Para o vereador Professor Naldo, que levou a discussão para a Câmara Municipal de Carapicuíba, a decisão pela demolição não ocorreu da forma correta. “Ninguém é contra o desenvolvimento urbano do município, porém a desapropriação foi conduzida de forma arbitrária e não levou em consideração a questão cultural e religiosa do terreiro”, afirma o vereador.

Oitiva da sociedade – Após a abertura, feita pela mesa inicial, 30 inscritos para manifestação oral, entre eles, integrantes de instituições, organizações e movimentos sociais que fazem cobranças e lutam pela efetivação de políticas públicas em prol de povos de terreiros e comunidades tradicionais, além de lideranças religiosas, estudantes, pesquisadores e membros da sociedade civil, articularam suas manifestações sobre o tema da discriminação sofrida por povos de terreiro e comunidades tradicionais e como isso impacta, não somente no âmbito religioso, mas na saúde, na falta de moradia, na educação, entre outros temas.

Foram levantadas questões sobre a forma como a prefeitura conduziu a desapropriação do imóvel, destacando que não houve diálogo para tentar entender o que o local significava para a tradição cultural, já que estava ali há 30 anos.

Segundo expresso na fala dos participantes, pelo menos outros oito terreiros também sofrem o mesmo risco só na cidade de Carapicuíba.
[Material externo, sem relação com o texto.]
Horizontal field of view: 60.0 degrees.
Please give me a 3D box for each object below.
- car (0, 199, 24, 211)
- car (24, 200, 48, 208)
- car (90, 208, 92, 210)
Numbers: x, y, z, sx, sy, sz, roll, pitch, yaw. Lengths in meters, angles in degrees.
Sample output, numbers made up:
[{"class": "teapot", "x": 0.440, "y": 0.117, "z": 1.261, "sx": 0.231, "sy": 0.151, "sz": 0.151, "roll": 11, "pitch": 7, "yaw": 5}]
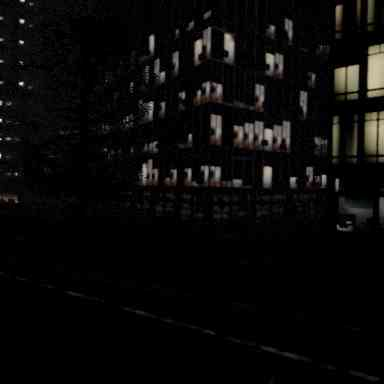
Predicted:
[{"class": "car", "x": -27.211, "y": 1.899, "z": 47.231, "sx": 5.009, "sy": 1.841, "sz": 2.192, "roll": 0, "pitch": 1, "yaw": -34}, {"class": "car", "x": -26.988, "y": 2.004, "z": 56.939, "sx": 4.403, "sy": 1.369, "sz": 2.008, "roll": 0, "pitch": 1, "yaw": -34}, {"class": "car", "x": -17.860, "y": 2.198, "z": 53.639, "sx": 4.507, "sy": 1.381, "sz": 1.887, "roll": 0, "pitch": 1, "yaw": -34}]

Os locais onde estão situados os terreiros têm um significado para além da territorialidade, o que a comunidade gostaria que fosse levado em consideração em casos como o do terreiro Ilê Asé Odé Ibualamo.
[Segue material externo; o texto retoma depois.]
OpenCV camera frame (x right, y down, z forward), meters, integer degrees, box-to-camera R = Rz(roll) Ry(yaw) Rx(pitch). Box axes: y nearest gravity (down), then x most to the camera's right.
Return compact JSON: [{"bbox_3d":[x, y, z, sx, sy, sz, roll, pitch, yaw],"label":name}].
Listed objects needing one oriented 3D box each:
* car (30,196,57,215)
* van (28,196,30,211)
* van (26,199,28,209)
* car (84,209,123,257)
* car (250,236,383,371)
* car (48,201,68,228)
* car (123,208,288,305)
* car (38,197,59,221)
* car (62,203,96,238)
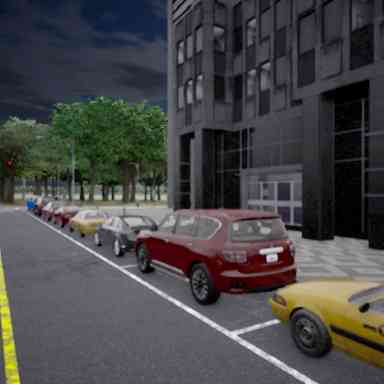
[{"bbox_3d":[-13.720,1.312,31.567,2.192,1.841,5.009,0,0,-31],"label":"car"},{"bbox_3d":[-16.517,1.339,36.230,1.690,1.788,3.998,0,0,-31],"label":"van"},{"bbox_3d":[-19.314,1.340,40.894,1.690,1.788,3.998,0,0,-31],"label":"van"},{"bbox_3d":[-2.532,1.547,12.915,2.008,1.369,4.403,0,0,-31],"label":"car"},{"bbox_3d":[2.974,1.524,3.734,1.752,1.417,4.829,0,0,-31],"label":"car"},{"bbox_3d":[-8.126,1.541,22.241,1.887,1.381,4.507,0,0,-31],"label":"car"},{"bbox_3d":[0.264,1.312,8.252,2.192,1.841,5.009,0,0,-31],"label":"car"},{"bbox_3d":[-10.923,1.436,26.904,1.967,1.590,4.097,0,0,-31],"label":"car"},{"bbox_3d":[-5.416,1.521,17.724,1.752,1.417,4.829,0,0,-31],"label":"car"}]

Grande parte das manifestações demandou mais ações e iniciativas do poder público, de respeito e valorização da cultura tradicional e dos direitos de povos de terreiro e comunidades de matriz africana, contribuindo para o fim da discriminação em relação não apenas a povos de terreiro mas em relação a todos os seguimentos de povos e comunidades tradicionais.

Representantes de governo e instituições – Após ouvirem as demandas da sociedade civil, os representantes do governo e de instituições se manifestaram.

O representante do Ministério dos Direitos Humanos e da Cidadania, Alex Vargem, destacou algumas ações que têm sido feitas nesses primeiros meses de gestão, e afirmou que o ministério reconhece a importância histórica das religiões de matriz africana na formação da sociedade brasileira. Ele afirmou ainda que vai trabalhar para potencializar políticas públicas em conjunto com a sociedade civil.

A representante do Ministério da Igualdade Racial, Luzi Borges, diretora da Secretaria de Políticas para Quilombolas, Povos e Comunidades Tradicionais de Matriz Africana e Povos de Terreiros, afirmou que o ministério reconhece que Mãe Zana e todo o seu povo foi vítima de racismo religioso. Entre as ações dos primeiros cem dias de governo, Luzi destacou a própria criação do Ministério da Igualdade Racial e a instituição do Grupo de Trabalho Interministerial, sendo que o Ministério da Igualdade Racial vai apresentar proposta para o desenvolvimento de programas de enfrentamento do racismo religioso e a redução da violência e discriminação contra povos e comunidades de matriz africana e povos de terreiro, materializando resposta concreta e efetiva para esses povos.

Estavam presentes ainda representantes do Ministério do Desenvolvimento Agrário e Agricultura Familiar, Instituto do Patrimônio Histórico e Artístico Nacional (Iphan), da Central Única dos Trabalhadores (CUT), bem como os secretários da Cultura e de Assuntos Jurídicos da Prefeitura Municipal de Carapicuíba.

Territórios Vivos – A audiência pública foi uma iniciativa da Defensoria Pública do Estado de São Paulo, do Projeto Territórios Vivos, e realizada em parceria do MPF com a Agência Alemã de Cooperação Internacional (GIZ) e a Rede de Povos e Comunidades Tradicionais (Rede PCTs). O projeto busca o resgate, a valoração e o fortalecimento dos laços históricos, culturais e territoriais dos povos e comunidades tradicionais do Brasil, a partir da promoção, entre outras atividades, de visitas de campo, cursos, oficinas e articulações com entidades civis, autoridades públicas, da academia e de todos os setores da sociedade.

A iniciativa também visa a disseminar e consolidar o uso da Plataforma de Territórios Tradicionais, ferramenta on-line de georreferenciamento criada para reunir e disponibilizar, de forma interativa e acessível, informações de diversas fontes sobre territórios autodeclarados por populações tradicionais do país.